EXERCISE OBJECTIVE:
Go through the following data and transcribe exactly the stretch of lines from the one holding "Deliverable: one 3D cuboid per listed object" to the one holding "0, 463, 119]", both included.

━━━━━ THE RECORDS ━━━━━

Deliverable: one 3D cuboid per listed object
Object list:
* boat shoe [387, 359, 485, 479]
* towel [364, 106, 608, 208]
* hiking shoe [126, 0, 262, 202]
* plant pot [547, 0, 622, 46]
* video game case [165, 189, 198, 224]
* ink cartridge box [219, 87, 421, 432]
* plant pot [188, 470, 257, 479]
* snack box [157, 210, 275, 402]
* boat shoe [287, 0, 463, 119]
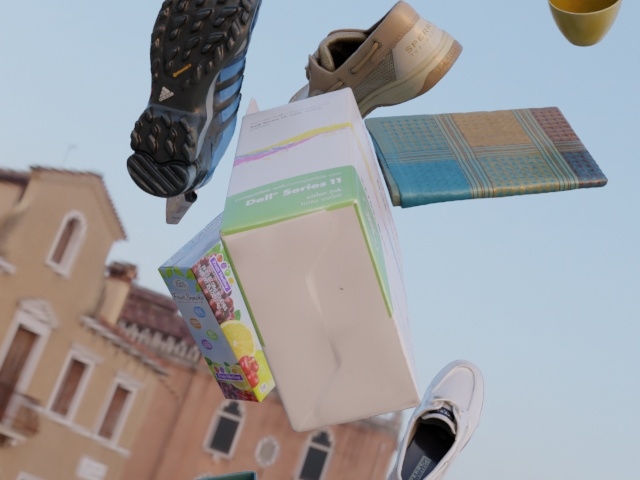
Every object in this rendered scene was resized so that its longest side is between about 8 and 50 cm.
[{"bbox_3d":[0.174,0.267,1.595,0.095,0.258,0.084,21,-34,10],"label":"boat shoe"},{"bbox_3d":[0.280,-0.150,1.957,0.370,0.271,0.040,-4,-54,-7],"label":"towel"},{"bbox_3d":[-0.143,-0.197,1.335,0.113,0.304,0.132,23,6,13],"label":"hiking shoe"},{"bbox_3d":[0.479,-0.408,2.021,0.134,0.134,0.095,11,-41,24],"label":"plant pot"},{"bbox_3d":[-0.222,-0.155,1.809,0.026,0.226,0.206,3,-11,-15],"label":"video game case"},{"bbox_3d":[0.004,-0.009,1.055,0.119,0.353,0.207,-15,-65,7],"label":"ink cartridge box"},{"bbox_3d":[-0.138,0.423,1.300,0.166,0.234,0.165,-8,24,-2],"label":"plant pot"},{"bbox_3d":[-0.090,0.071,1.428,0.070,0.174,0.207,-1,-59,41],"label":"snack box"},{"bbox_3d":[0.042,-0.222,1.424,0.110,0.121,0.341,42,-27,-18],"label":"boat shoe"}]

━━━━━
━━━━━ THE RECORDS ━━━━━

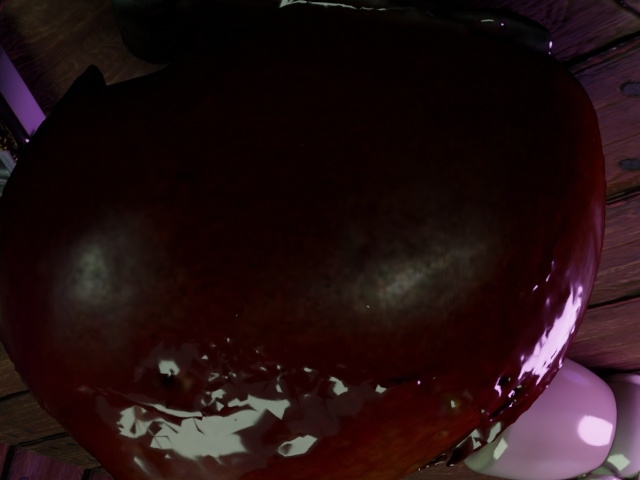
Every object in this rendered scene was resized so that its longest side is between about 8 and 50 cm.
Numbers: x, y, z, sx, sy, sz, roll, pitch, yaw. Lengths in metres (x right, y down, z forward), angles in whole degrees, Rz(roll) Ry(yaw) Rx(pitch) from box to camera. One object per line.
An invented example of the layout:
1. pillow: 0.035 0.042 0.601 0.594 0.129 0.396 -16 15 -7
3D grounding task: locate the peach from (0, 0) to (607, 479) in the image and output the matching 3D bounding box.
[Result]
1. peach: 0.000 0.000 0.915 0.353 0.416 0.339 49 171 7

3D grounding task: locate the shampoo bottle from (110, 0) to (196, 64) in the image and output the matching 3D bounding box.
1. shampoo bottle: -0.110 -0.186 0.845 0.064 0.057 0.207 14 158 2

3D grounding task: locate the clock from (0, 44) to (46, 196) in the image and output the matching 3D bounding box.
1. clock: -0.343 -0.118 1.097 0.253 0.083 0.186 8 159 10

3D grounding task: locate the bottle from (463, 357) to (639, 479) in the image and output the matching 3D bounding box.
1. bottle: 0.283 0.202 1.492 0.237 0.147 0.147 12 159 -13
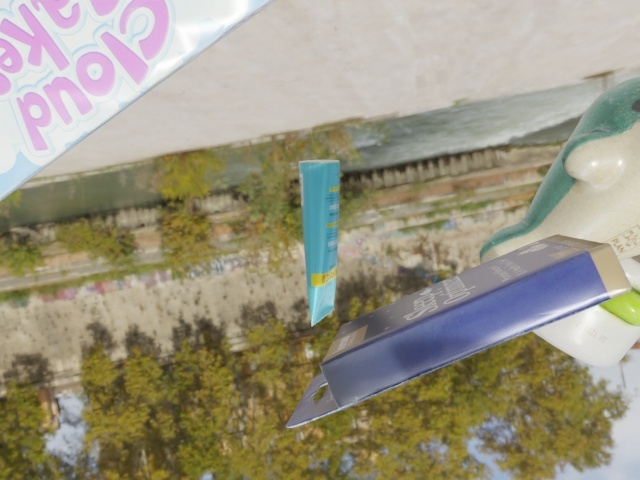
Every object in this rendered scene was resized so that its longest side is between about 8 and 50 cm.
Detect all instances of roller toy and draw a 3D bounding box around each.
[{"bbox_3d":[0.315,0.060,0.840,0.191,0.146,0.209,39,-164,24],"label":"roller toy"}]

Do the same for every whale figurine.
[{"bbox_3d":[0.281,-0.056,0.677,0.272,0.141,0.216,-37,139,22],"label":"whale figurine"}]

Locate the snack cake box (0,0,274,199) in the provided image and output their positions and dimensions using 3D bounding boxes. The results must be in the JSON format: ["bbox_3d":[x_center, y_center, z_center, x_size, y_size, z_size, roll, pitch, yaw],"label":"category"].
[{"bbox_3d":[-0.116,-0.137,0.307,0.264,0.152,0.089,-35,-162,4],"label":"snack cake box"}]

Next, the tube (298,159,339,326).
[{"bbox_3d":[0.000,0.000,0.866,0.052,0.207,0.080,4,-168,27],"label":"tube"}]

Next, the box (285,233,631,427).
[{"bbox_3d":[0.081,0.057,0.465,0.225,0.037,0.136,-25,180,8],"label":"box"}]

━━━━━

EXERCISE SOLUTION:
Deliverable: one 3D cuboid per listed object
Object list:
* boat shoe [387, 359, 485, 479]
* towel [364, 106, 608, 208]
* hiking shoe [126, 0, 262, 202]
* plant pot [547, 0, 622, 46]
* video game case [165, 189, 198, 224]
* ink cartridge box [219, 87, 421, 432]
* plant pot [188, 470, 257, 479]
* snack box [157, 210, 275, 402]
* boat shoe [287, 0, 463, 119]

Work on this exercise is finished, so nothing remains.